Is there a chance that DNS can cause issues with VEA ro VCS?

Wally_Heim
Level 6
Employee

Hi mhab11,

You mentioned that you are running 5.1 SP2 but you did not mention if you have any CPs installed on top of that.  Several of the early CPs had DG import/deport performance fixes that might be helpful in your situation.  I would recommend going to one of the latest CPs like CP10 or higher and see if your issue still happens.
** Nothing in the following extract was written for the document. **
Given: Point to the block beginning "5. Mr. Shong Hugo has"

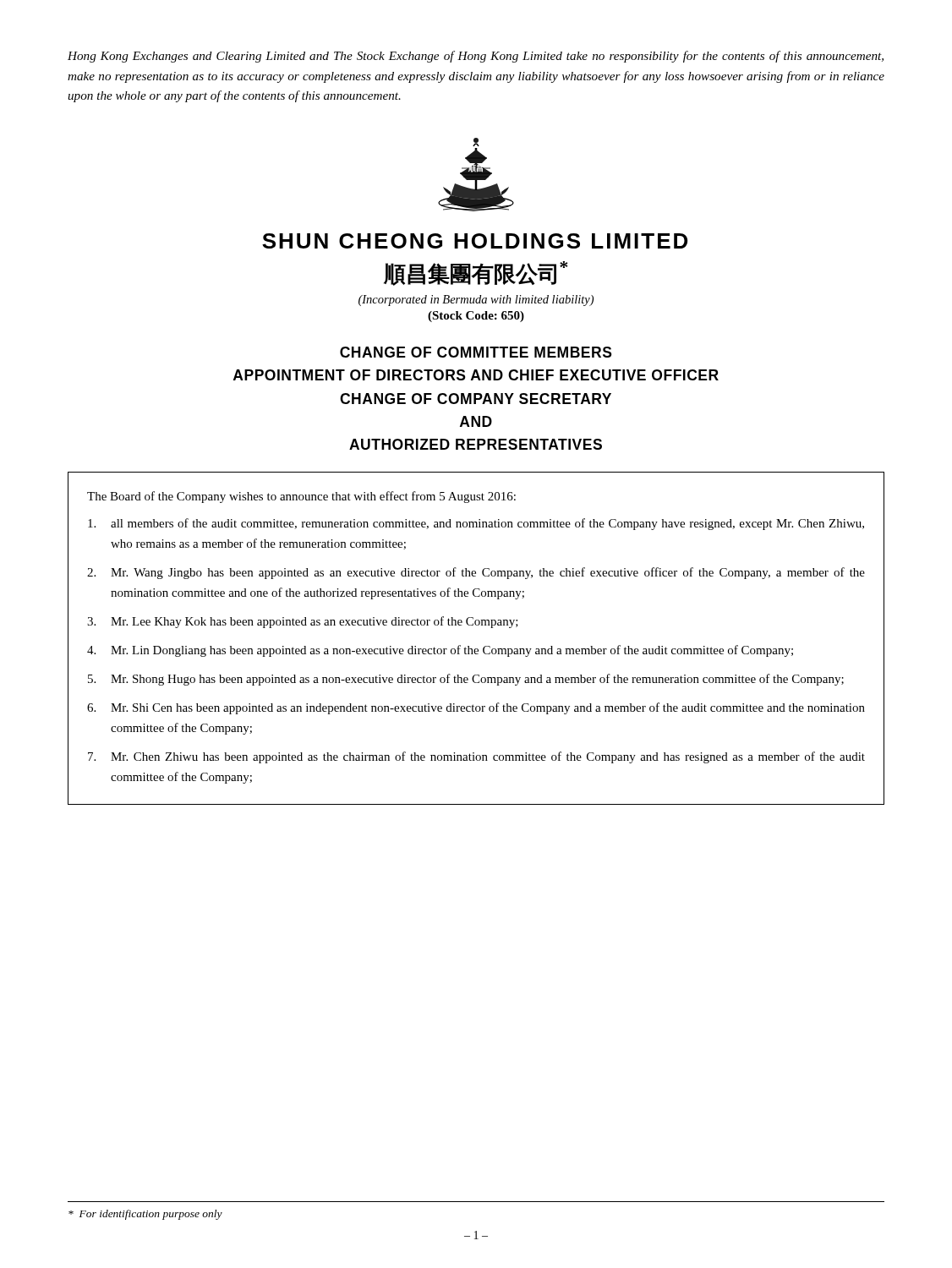Looking at the screenshot, I should coord(476,679).

There have also been major increases to the 6.0 product with the FastFailover option in SFW-HA clusters.  If you could upgrade to 6.0 and if your environment meets all the requirements for FastFailover (SCSI-3 is the big one) then you would see major improvements for Diskgroup imports and deports.

 

Thank you,

Wally

mikebounds
Level 6
Partner Accredited

I can only see DNS affecting a Lanman resource or resources for Applications like AvMailInterchange - I don't think DNS would even cause issues for IP reosources.  It certainly should not effect diskgroup and volume resources, unless, possibly, you are using CPS.  VCS does not requires VEA, VCS uses an API call (or possibly command line tools) for controlling diskgroup and volume resources.

Mike

mikebounds
Level 6
Partner Accredited

Sorry, just realised CPS is UNIX only, so can't be using CPS, so DNS issues should not effect diskgroups and volumes.

Mike

mhab11
Level 5

Yes CP10 and CP12 look to have some of the problems besides this that we have been having. We are going to start testing this in the TB to make sure we are good. Thanks for the help.